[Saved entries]

━━━━

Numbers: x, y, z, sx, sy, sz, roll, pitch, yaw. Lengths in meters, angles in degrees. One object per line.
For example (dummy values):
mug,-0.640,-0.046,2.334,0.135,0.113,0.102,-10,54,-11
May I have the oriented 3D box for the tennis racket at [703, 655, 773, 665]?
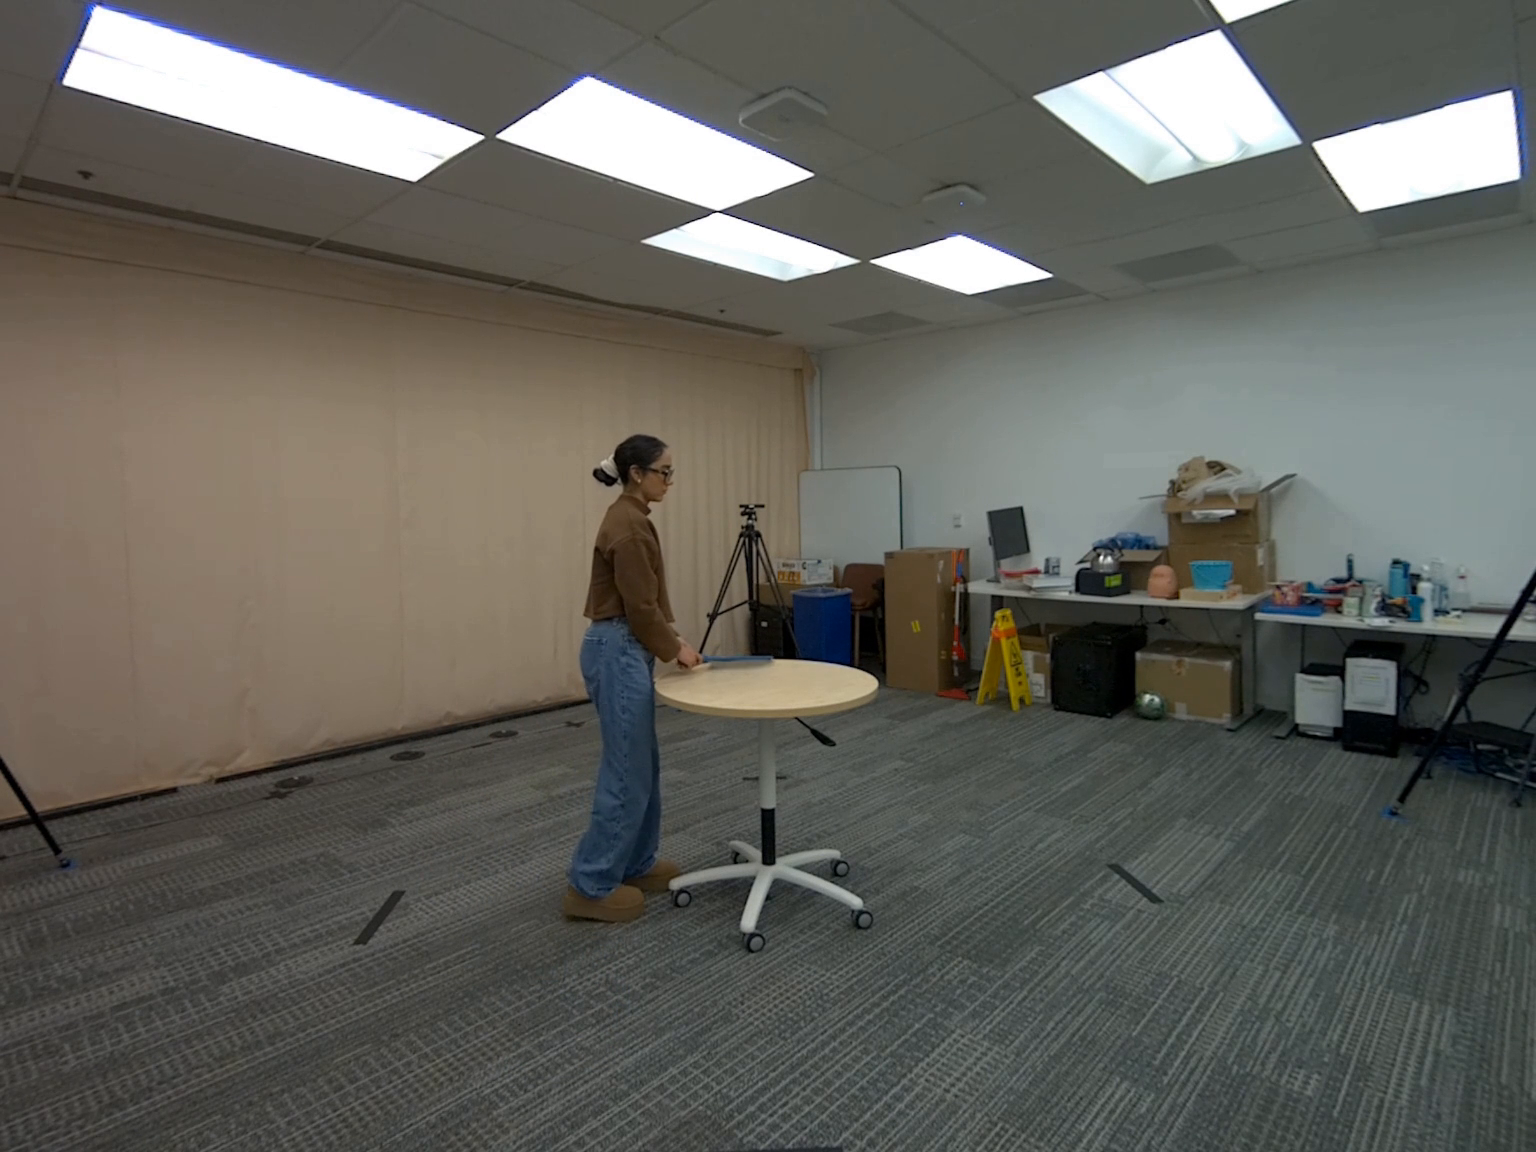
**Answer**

━━━━

Whenever a picture appears, leave it out, and return every record exactly.

Numbers: x, y, z, sx, sy, sz, roll, pitch, yaw. Lengths in meters, angles in degrees. One object per line.
For example (dummy values):
mug,-0.640,-0.046,2.334,0.135,0.113,0.102,-10,54,-11
May I have the oriented 3D box for the tennis racket at [703, 655, 773, 665]?
**Answer**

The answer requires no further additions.